I always strive to be an activist, but I don’t think there has ever been a time in my life where I have felt that I actually am an activist. I always think that whatever I do isn’t enough. I am in constant fear that I will always be called out, told how wrong I am, that I am so far into academics that I could never be a revolutionary.
My life revolves around race. I’m majoring in African American Studies, and I write this blog. I go to rallies, to marches, and constantly have discussions that others wouldn’t think about having. But I know that even with all that, it isn’t enough. What I want to do is dissect that feeling, and hopefully find a way to mute that somewhat.

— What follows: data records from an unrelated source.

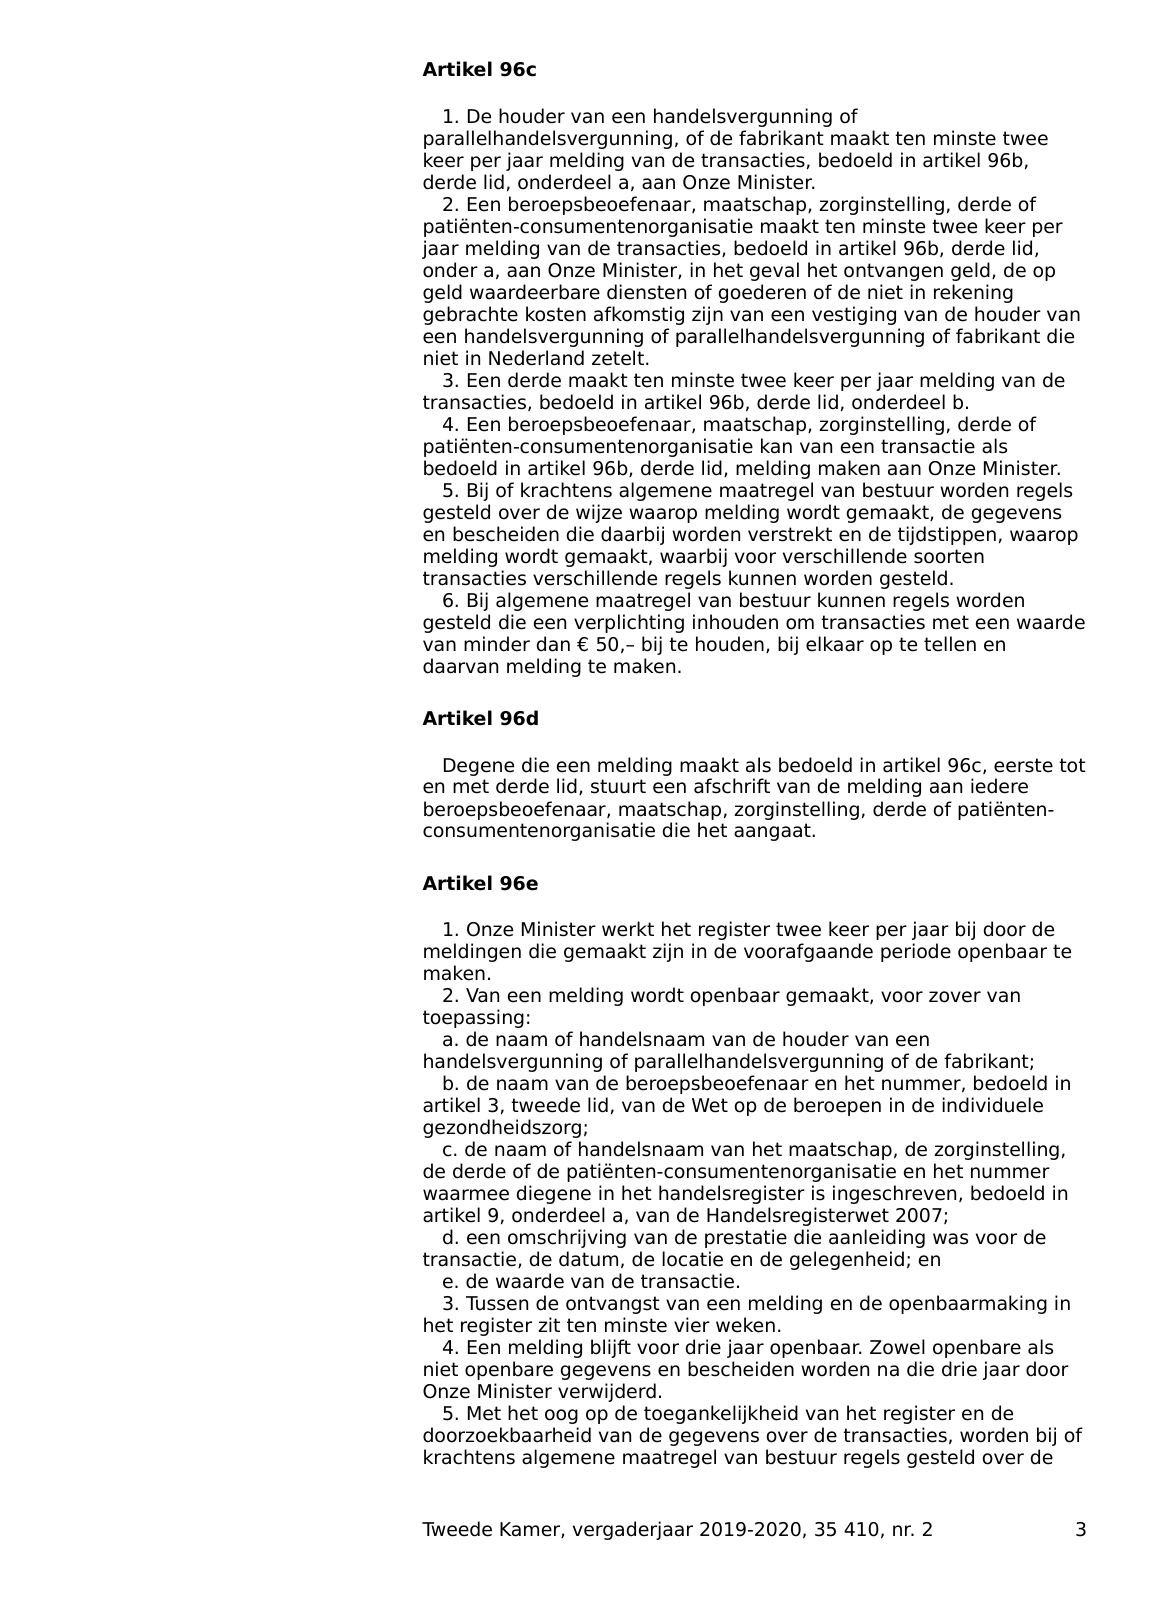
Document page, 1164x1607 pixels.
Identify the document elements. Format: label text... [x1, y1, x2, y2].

text b. de naam van de beroepsbeoefenaar en het nummer, bedoeld in artikel 3, tweede lid, van de Wet op de beroepen in de individuele gezondheidszorg; [422, 1073, 1087, 1139]
text c. de naam of handelsnaam van het maatschap, de zorginstelling, de derde of de patiënten-consumentenorganisatie en het nummer waarmee diegene in het handelsregister is ingeschreven, bedoeld in artikel 9, onderdeel a, van de Handelsregisterwet 2007; [422, 1139, 1087, 1227]
text 2. Een beroepsbeoefenaar, maatschap, zorginstelling, derde of patiënten-consumentenorganisatie maakt ten minste twee keer per jaar melding van de transacties, bedoeld in artikel 96b, derde lid, onder a, aan Onze Minister, in het geval het ontvangen geld, de op geld waardeerbare diensten of goederen of de niet in rekening gebrachte kosten afkomstig zijn van een vestiging van de houder van een handelsvergunning of parallelhandelsvergunning of fabrikant die niet in Nederland zetelt. [422, 194, 1087, 370]
text a. de naam of handelsnaam van de houder van een handelsvergunning of parallelhandelsvergunning of de fabrikant; [422, 1029, 1087, 1073]
text 4. Een beroepsbeoefenaar, maatschap, zorginstelling, derde of patiënten-consumentenorganisatie kan van een transactie als bedoeld in artikel 96b, derde lid, melding maken aan Onze Minister. [422, 414, 1087, 480]
text 3. Tussen de ontvangst van een melding en de openbaarmaking in het register zit ten minste vier weken. [422, 1293, 1087, 1337]
text Degene die een melding maakt als bedoeld in artikel 96c, eerste tot en met derde lid, stuurt een afschrift van de melding aan iedere beroepsbeoefenaar, maatschap, zorginstelling, derde of patiënten-consumentenorganisatie die het aangaat. [422, 754, 1087, 842]
subtitle Artikel 96e [422, 872, 1087, 894]
subtitle Artikel 96c [422, 59, 1087, 81]
text 3. Een derde maakt ten minste twee keer per jaar melding van de transacties, bedoeld in artikel 96b, derde lid, onderdeel b. [422, 370, 1087, 414]
text d. een omschrijving van de prestatie die aanleiding was voor de transactie, de datum, de locatie en de gelegenheid; en [422, 1227, 1087, 1271]
text 1. De houder van een handelsvergunning of parallelhandelsvergunning, of de fabrikant maakt ten minste twee keer per jaar melding van de transacties, bedoeld in artikel 96b, derde lid, onderdeel a, aan Onze Minister. [422, 106, 1087, 194]
text 5. Bij of krachtens algemene maatregel van bestuur worden regels gesteld over de wijze waarop melding wordt gemaakt, de gegevens en bescheiden die daarbij worden verstrekt en de tijdstippen, waarop melding wordt gemaakt, waarbij voor verschillende soorten transacties verschillende regels kunnen worden gesteld. [422, 480, 1087, 589]
text 5. Met het oog op de toegankelijkheid van het register en de doorzoekbaarheid van de gegevens over de transacties, worden bij of krachtens algemene maatregel van bestuur regels gesteld over de [422, 1403, 1087, 1469]
text 4. Een melding blijft voor drie jaar openbaar. Zowel openbare als niet openbare gegevens en bescheiden worden na die drie jaar door Onze Minister verwijderd. [422, 1337, 1087, 1403]
text 1. Onze Minister werkt het register twee keer per jaar bij door de meldingen die gemaakt zijn in de voorafgaande periode openbaar te maken. [422, 919, 1087, 985]
text 6. Bij algemene maatregel van bestuur kunnen regels worden gesteld die een verplichting inhouden om transacties met een waarde van minder dan € 50,– bij te houden, bij elkaar op te tellen en daarvan melding te maken. [422, 589, 1087, 677]
subtitle Artikel 96d [422, 707, 1087, 729]
text 2. Van een melding wordt openbaar gemaakt, voor zover van toepassing: [422, 985, 1087, 1029]
text e. de waarde van de transactie. [422, 1271, 1087, 1293]

As I grew up, I watched as my family crossed into lower middle class. for a long time, we were comfortable, we had everything we could ever want or need, and I never once had a worry about having enough money for my education. The rate my parents were going, I was expecting a car on my sixteenth birthday, and I knew exactly how I wanted it to be customized. My father would always talk about finishing up his payments toward our first house, and then going on and buying four more, enough for me and my siblings. We weren’t rich by any means, but we certainly weren’t poor. It was a good time, and I think that I’m always going to remember it as the golden era. This was the time where I was educated on racism, but I was naïve and I definitely believed that I wasn’t affected by it during this time. I had a whole bunch of friends, I was in the Gifted and Talented program, and I felt like I was free from the fates of the girls who died from the Birmingham bombs, and I felt that Rosa Parks had helped get rid of all the racism. I was in a bubble of innocence, and I know that my parents could have easily popped that bubble. I thank them for giving me that precious time to be a child, in spite of me being in such a hurry to grow up.
I can remember the first time I realized I was not valued as a black woman. It was in high school. I went to a different high school, a charter school, at the insistence of my mother that it would get me to college. I was one of then three black girls in my class. Most of the students were Hispanic or Latino, and there were a few Asian students, I believe one was from Taiwan, and I can’t remember where the other girl came from. But I remember upon arriving at my high school that I was out of place. Most of these students went to middle school together, and they already had their friend groups. So I expected to be able to fit into one group, that maybe one of them would accept me. But that was far from the case. I was the weird black girl who should have acted ghetto but acted like una gringa instead. I was dubbed the outcast, and I remember those lunches I spent eating by myself. It seemed that everyone wanted to be friends with the exotic Asian girls and the basketball- playing black guys, but us black girls were not welcome. We took up too much of their space simply by being there, and they made that known.
I found my solace in the upperclassmen that took me in. One of the upperclassmen was a black woman. She was loud, she was fun, she spoke her mind, and above all, she was unapologetic. I was fascinated with her. How much space she allowed herself to take up while feeling at ease with it was something that I had never seen before in my entire life. I was always the quiet girl, the girl who would have all the right answers but would be terrified to raise her hand to actually say them. I was the girl who had so much to say, but didn’t think she was valued enough to ever say them. And here she was, being as loud as she can be, and not giving a single care in the world about what someone was going to think or say about her. She was bold, she was fierce, and I wanted so much to be able to do the same.
Throughout high school, I remained the quiet girl, the girl who didn’t fit. The girl who was too white to be black and too black to be white. I was everything; in-between, and nothing all at the same time. I wanted so badly to be able to speak up and say what I want to, but was always quieted with the stereotypical, “You’re just angry.” and “You need to quit being so emotional.” Something I noticed all the time was the way the other girls in my class would have something to say to me, yet they never wanted to actually be an adult and talk things out. I was young, yet I felt so old. I was on a completely different level. While these students were worried about whether they were going to get the latest iPhone, I was wondering if I could make it to graduation, if I was going to live to see that day. My life was spent watching after my siblings while my mom went to the laundromat or to go grocery shopping. It wasn’t an easy life, nor was it unique.
Coming to college, I feel that knowing that I was in a completely different state where no one at all knew me gave me the strength to come into my own. I found myself empowered by placing myself in groups that I knew would give me as much as I put into them. And going into freshman year in the wake of the Ferguson protests, I knew that as a black female student, my life would not be the same, nor could I sit around and wait for something to happen to me.
Throwing myself into writing, reading, and putting it out has been one of the most powerful things for me. It feels nice, to have created my own platform to say what I need to say, what I want to say, without being interrupted or stopped or belittled. This is my place where I can speak for myself, where I can highlight the people who I see doing the work and what type of work needs to be done. This is the place for me to let loose and let out everything apologetically.
So sure, maybe I may sound angry. But at least I have my own space and every right in the world to be.